2. Consistency-oriented data construction pipeline:

   • Construction: Build query and MAS pools with over 40 unique MAS designs
   • Evaluation: Pair queries with MAS and evaluate their effectiveness
   • Inter-consistency selection: Group similar queries and assign them the same high-performing MAS to maintain consistency
   • Intra-consistency refinement: Use advanced LLMs to adjust MAS to be more query-dependent and introduce reasoning processes to explain connections between queries and MAS

3. Supervised fine-tuning: Train MAS-GPT (based on Qwen2.5-Coder-32B-Instruct) using the constructed dataset, where:

   • System prompt: Describes MAS generation task
   • Instruction: User query
   • Response: Reasoning process + executable MAS code

4. Single-inference MAS generation: During inference, MAS-GPT generates an appropriate MAS for any given query in a single LLM call, which can then be immediately executed to produce a response.

Results

The authors evaluated MAS-GPT extensively with impressive results:

1. Generality across diverse tasks: Outperformed 10+ baseline methods across 8 benchmarks when using Llama-3-70B-Instruct as the MAS driver, with a 3.89% improvement over the second-best method.

2. Strong performance with different LLM backbones: Maintained superior performance regardless of which LLM (Qwen2.5-72B-Instruct, GPT-4o-mini) was used to drive the MAS.

3. Enhanced reasoning capabilities: Improved the performance of advanced reasoning LLMs like o1-preview and DeepSeek-R1 by 13.34% and 10.0% respectively on the challenging AIME-2024 mathematical benchmark.

4. Outperforming specialized systems: Even outperformed math-specific MAS optimizer AFlow on its own domain (MATH dataset) by 3.53%.

5. Efficiency: Achieved the best performance with the lowest inference cost compared to methods like AgentVerse, DyLAN, and GPTSwarm.

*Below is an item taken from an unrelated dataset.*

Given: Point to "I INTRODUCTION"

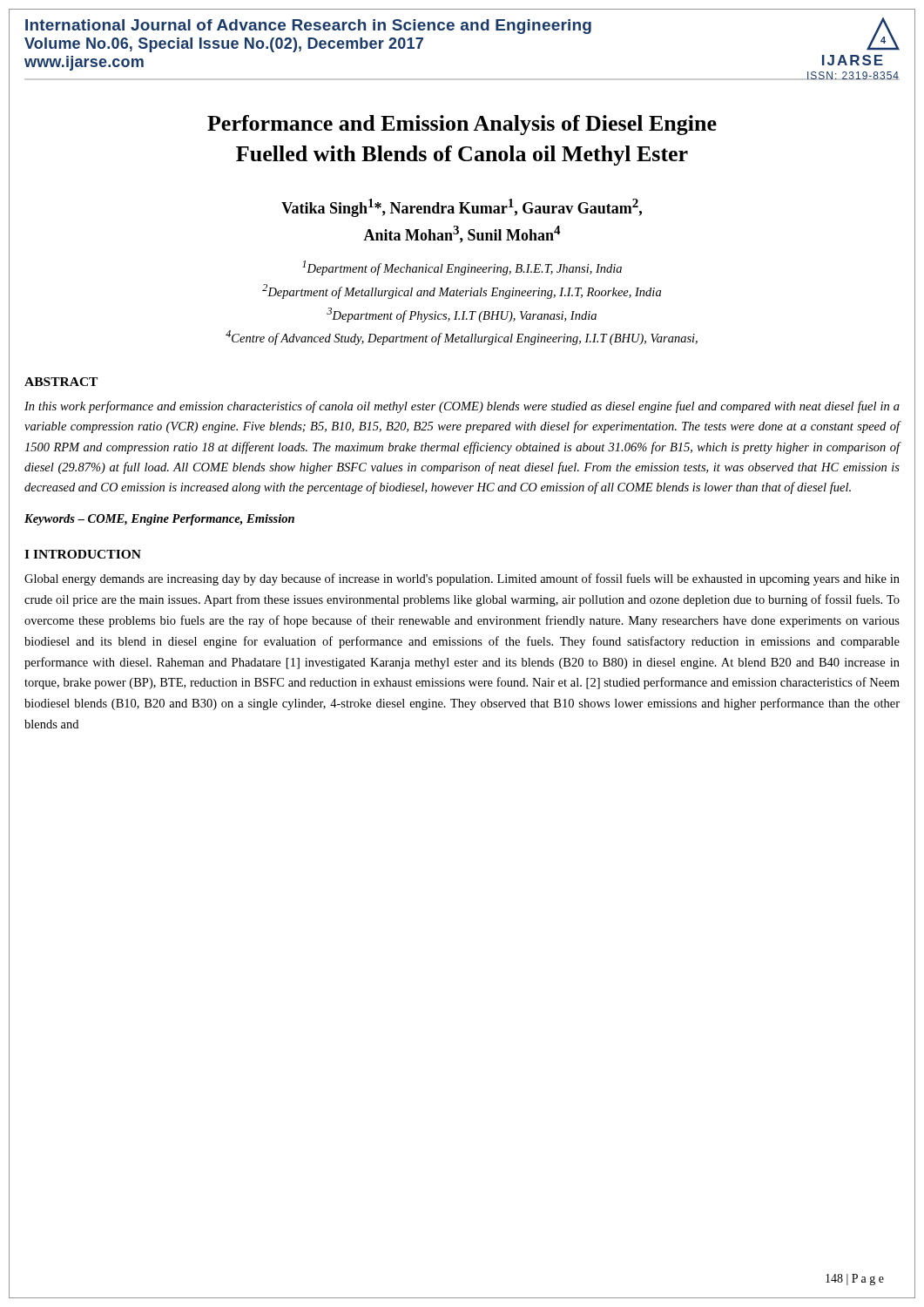Looking at the screenshot, I should click(83, 554).

6. Ablation studies showed:

   • Inter-consistency selection improved MATH performance by 8.39%
   • Both MAS adjustment and reasoning process introduction contributed to performance gains
   • Performance improves with more training data and larger model sizes

Insights

This paper presents several important insights for the future of LLM-based agent systems:

1. Reframing problem paradigm: By treating MAS creation as a generative language task, the authors transform a complex engineering problem into a more tractable machine learning task.

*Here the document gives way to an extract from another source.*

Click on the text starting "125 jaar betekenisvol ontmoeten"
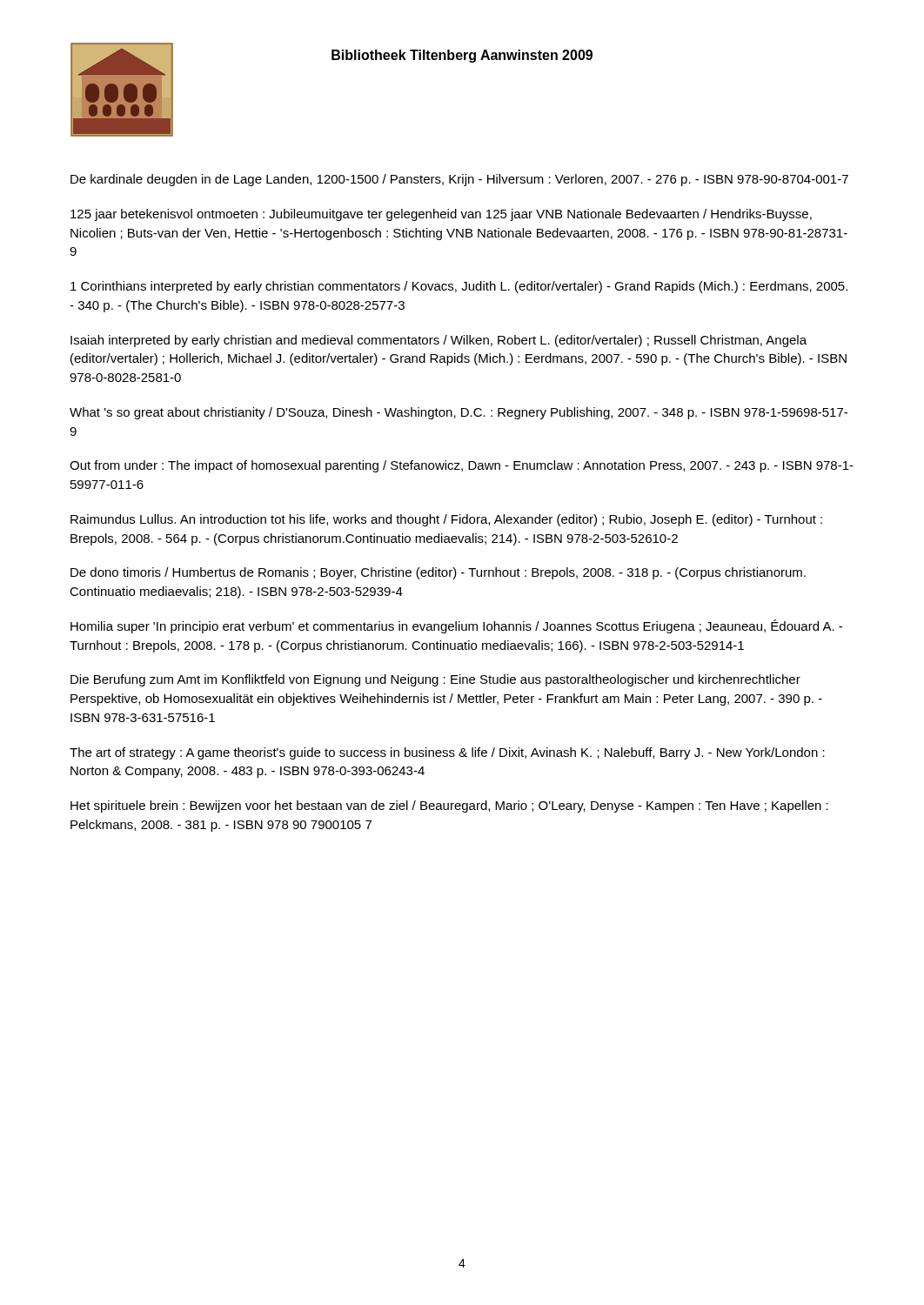The height and width of the screenshot is (1305, 924). pyautogui.click(x=459, y=232)

2. Data-driven MAS creation: The approach demonstrates that LLMs can learn to generate effective multi-agent systems from examples, reducing the need for manual configuration.

3. Balance between adaptability and efficiency: MAS-GPT achieves adaptability (customized MAS for each query) while maintaining efficiency (single inference vs. multiple calls).

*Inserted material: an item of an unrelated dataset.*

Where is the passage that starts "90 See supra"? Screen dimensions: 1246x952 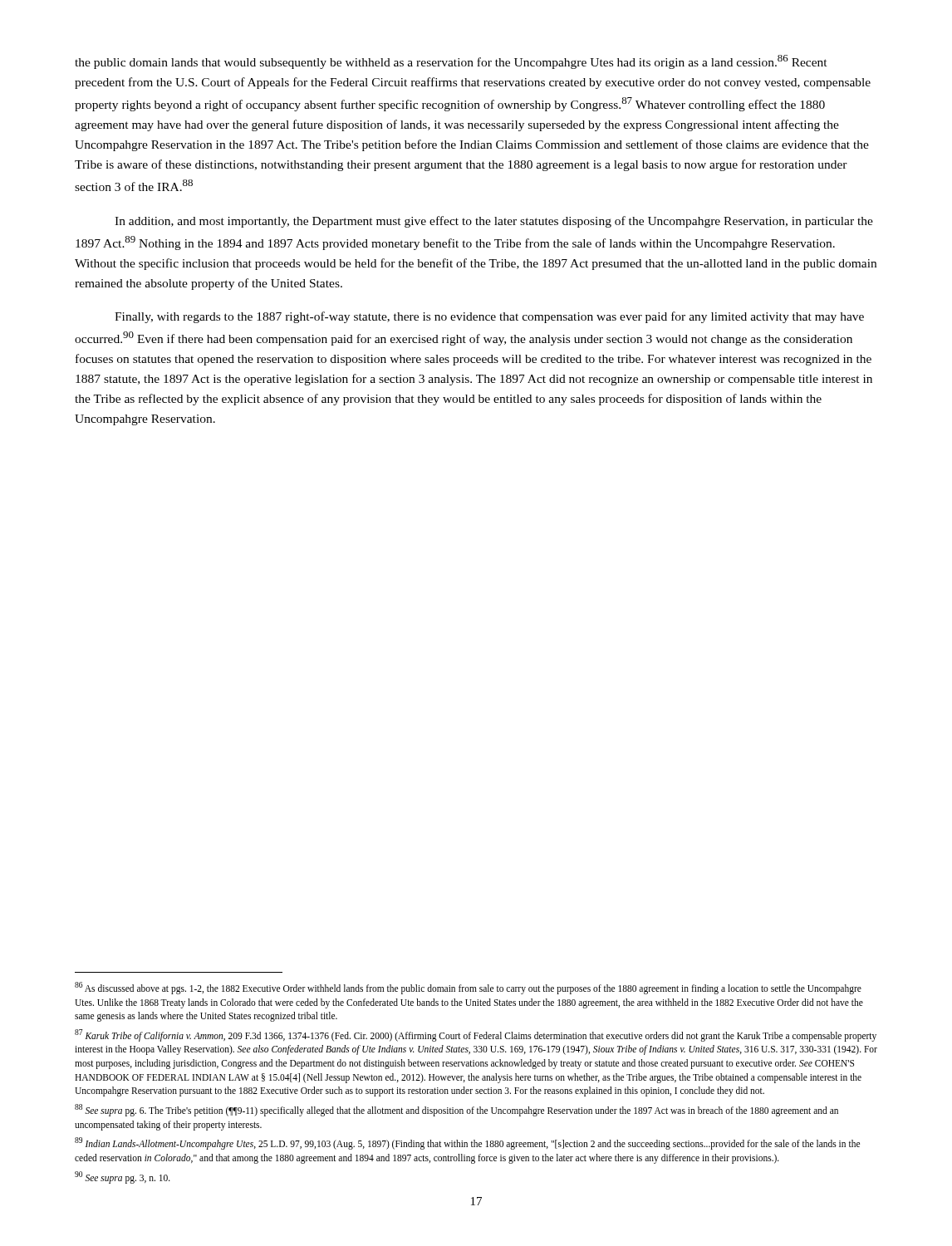tap(123, 1176)

4. Code as universal representation: Using code as the representation medium for MAS provides a standardized, executable format that bridges the gap between description and implementation.

5. Promising scaling trends: The consistent improvement with more data and larger models suggests that MAS-GPT’s approach will continue to benefit from general advances in the field.

6. Enhancing state-of-the-art models: The ability to further enhance the capabilities of already powerful reasoning LLMs indicates that MAS-GPT’s approach is complementary to existing advances in LLM capabilities.

7. Democratization potential: By reducing both the expertise required and computational cost for creating custom multi-agent systems, this approach could significantly broaden the application of MAS technology.

Comments

This is an interesting work that uses Qwen2.5-Coder-32B-Instruct to infer the multi-agent system in a code format and in a single inference.

The MAS-GPT dataset construction process first collected diverse queries from public datasets and created a pool of 40+ multi-agent systems represented as Python code. Then, each query-MAS pair was automatically evaluated, with similar queries grouped together and assigned the best-performing MAS to ensure cross-consistency. Finally, advanced LLMs were used to optimize each pair by adjusting the MAS to be more query-specific and generating explanatory reasoning, resulting in approximately 11,442 training samples.